Now in authorizing the spending of an additional $80 billion or so on the war, the Senate couldn't resist dancing to that old tune, "The Pork Barrel Polka." As the late Lawrence Welk used to say "Uh won annuh two annuh . . .
Roll the pork barrels, we'll have pork barrels o' fun. Roll the pork barrels, we'll shovel pork by the ton.
In various amendments attached to the war bill, the Senate voted to enhance our security in ways most of us never imagined before. There was, for example, a $10 million appropriation for, as the New York Times put it, "a research station at the South Pole that had had a hard winter."
Well, we've all had a hard winter, but I didn't know the South Pole ever had any other kind.
Then there was the $3.3 million item to fix a leaky dam in Vermont. Well, I guess a leaky dam could be a target for terrorists looking to contaminate ground water or something. But that would be redundant. We have people in our own government contaminating our ground water by requiring a certain additive in our gasoline. They're in something called the Environmental Protection Agency.
Thanks to this bit of emergency legislation, the Congress critters will be able to spend more money to send notices of their town meetings to their constituents. That should help the war effort, by golly.
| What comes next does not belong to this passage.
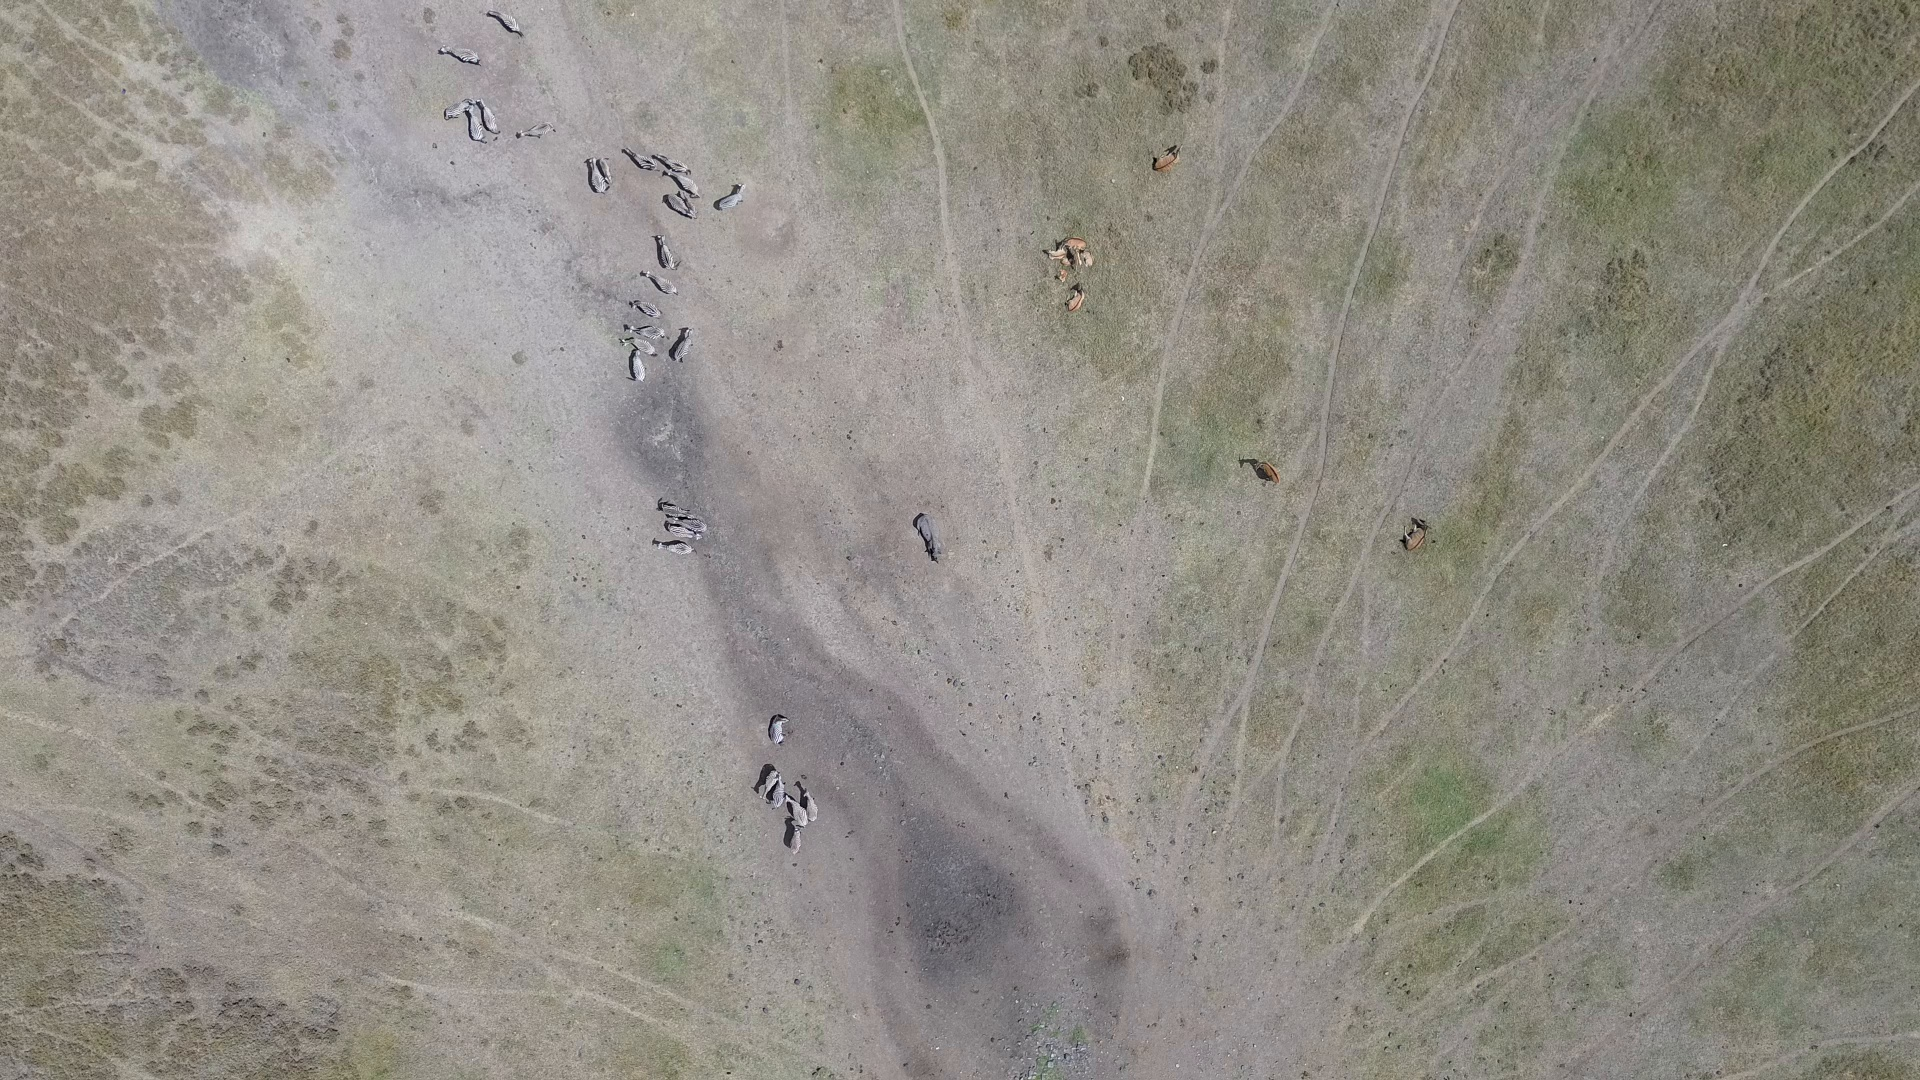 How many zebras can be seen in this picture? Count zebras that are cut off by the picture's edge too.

31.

At least one distinguished military veteran in the U.S. Senate was fed up at what went on under the guise of national defense.
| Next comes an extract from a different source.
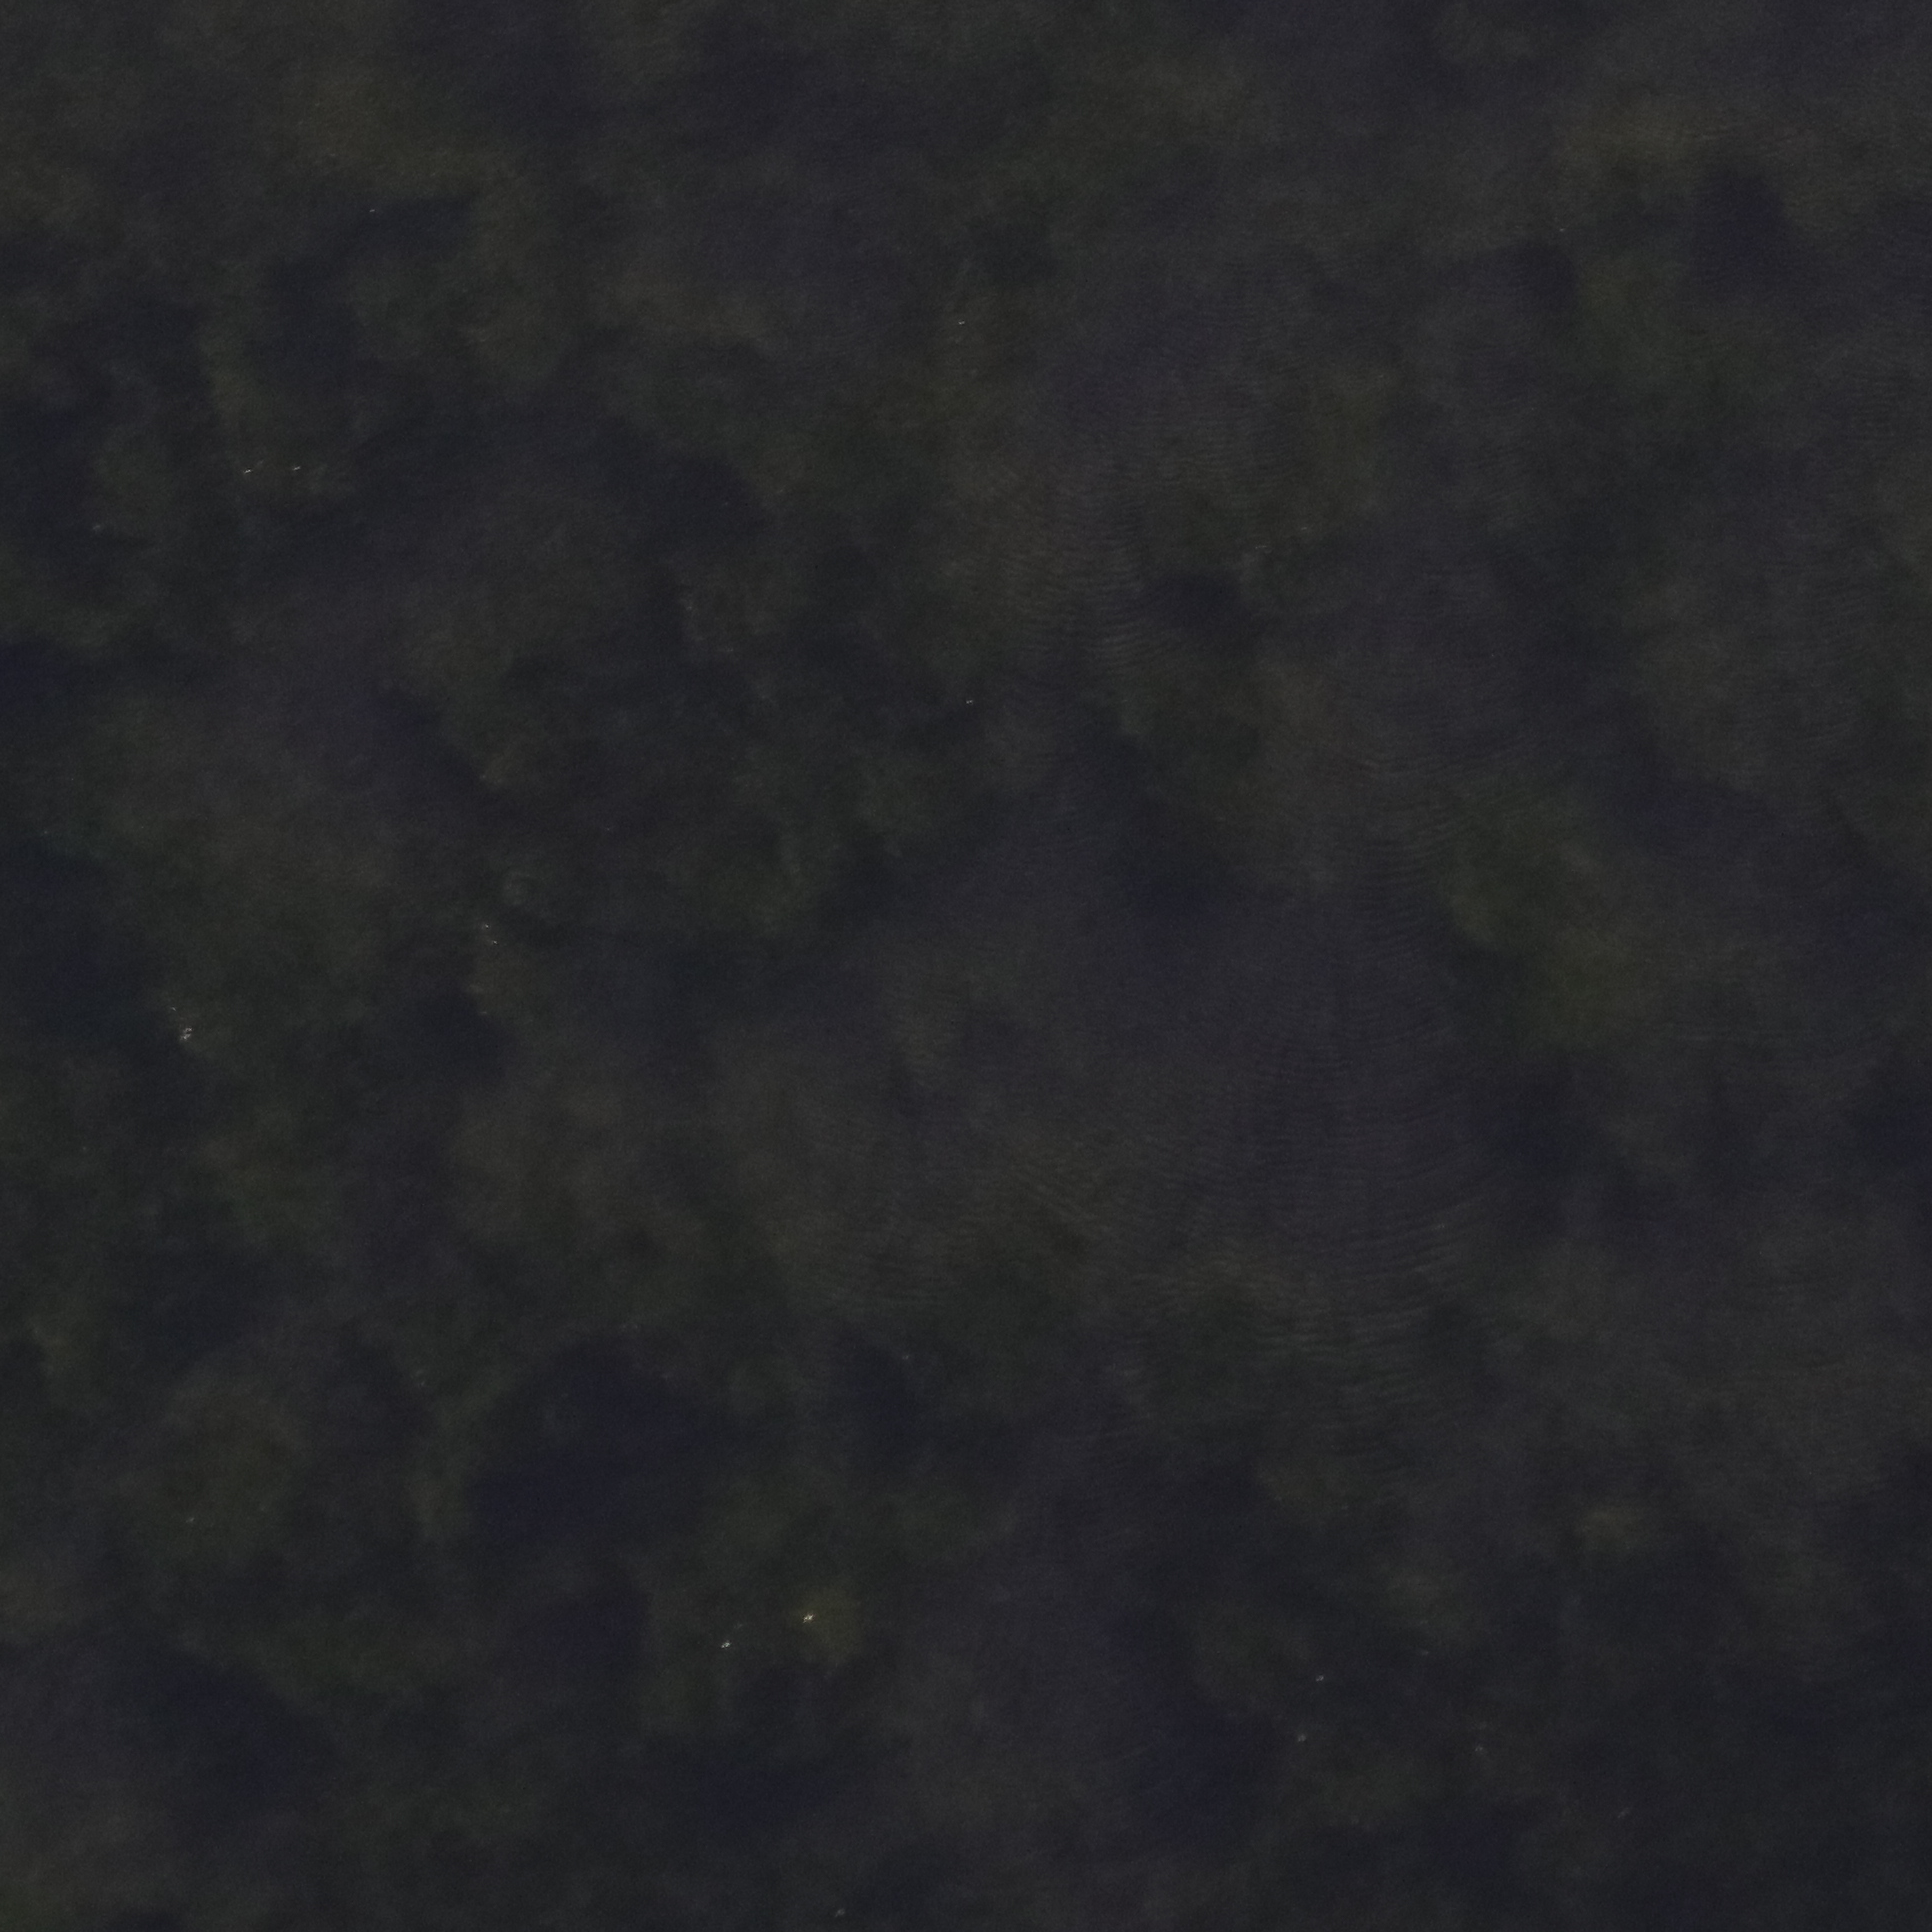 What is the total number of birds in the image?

0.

"I was really appalled," said Sen. John McCain, R-Arizona. "Here, in the name of fighting the war in Iraq, they loaded up the bill with pork-barrel spending. I mean I didn't realize al-Qaida had reached all the way to the South Pole, but it's an example of a process that's simply out of control."
Whoa! Hold on, Honest John. Isn't supposed to be an article of faith in Washington that that al-Qaida's reach is universal? ("They're everywhere! They're everywhere!") So how does McCain presume to know where they're not?
Attorney Generalissimo John Ashcroft might want to have Sen. McCain arrested and held for questioning as a "material witness." Can you detain a United States senator indefinitely without charges? McCain has been through that before, of course, when he was fighting for freedom in Vietnam.
Besides, why overlook the South Pole as a potential target for terrorists? It's possible some fanatical hijackers will fly their planes right into the South Pole and destabilize the whole world, or at least the Southern Hemisphere.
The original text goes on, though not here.